Dataset excerpts:
################

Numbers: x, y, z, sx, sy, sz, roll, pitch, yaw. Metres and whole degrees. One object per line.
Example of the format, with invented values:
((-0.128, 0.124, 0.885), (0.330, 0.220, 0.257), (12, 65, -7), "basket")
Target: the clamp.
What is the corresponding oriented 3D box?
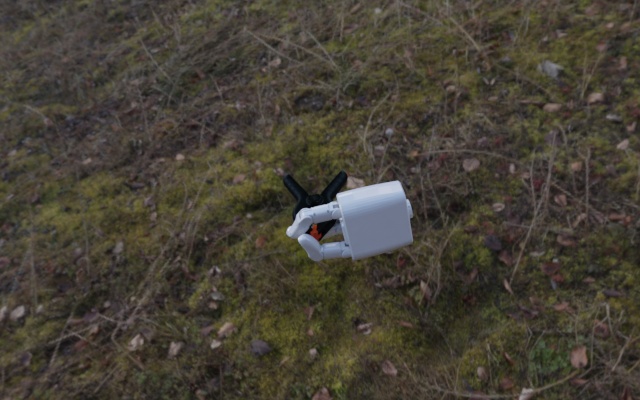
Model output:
((0.000, 0.002, 0.850), (0.120, 0.171, 0.039), (-14, -45, 1), "clamp")
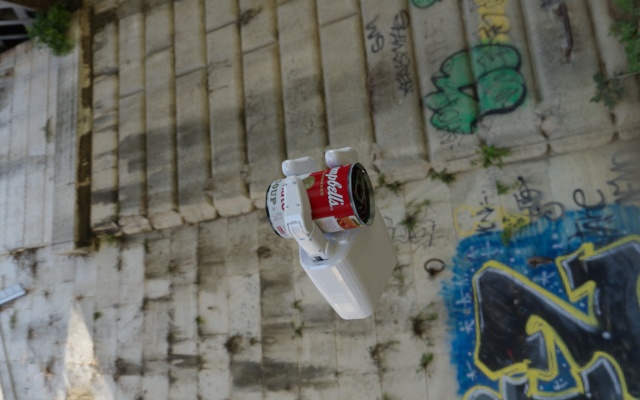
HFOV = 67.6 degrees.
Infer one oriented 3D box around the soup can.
[{"bbox_3d":[0.000,0.001,0.519,0.102,0.068,0.068,-11,-5,25],"label":"soup can"}]
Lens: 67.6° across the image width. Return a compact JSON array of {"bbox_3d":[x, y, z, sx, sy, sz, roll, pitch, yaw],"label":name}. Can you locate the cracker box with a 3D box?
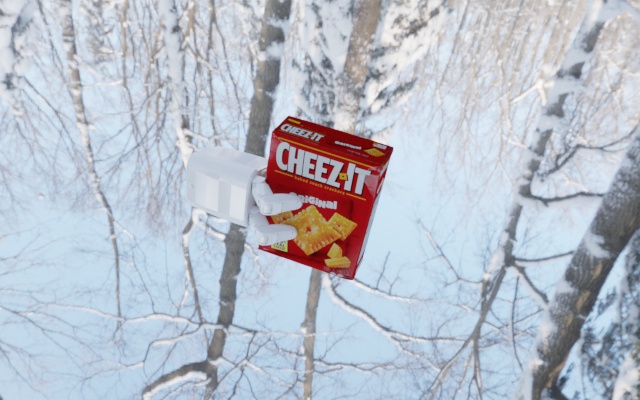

################

Task to carry out:
In the records above, find each line with the string "degrees" and list it.

Output of the task:
Numbers: x, y, z, sx, sy, sz, roll, pitch, yaw. Metres and whole degrees. One object per line.
HFOV = 67.6 degrees.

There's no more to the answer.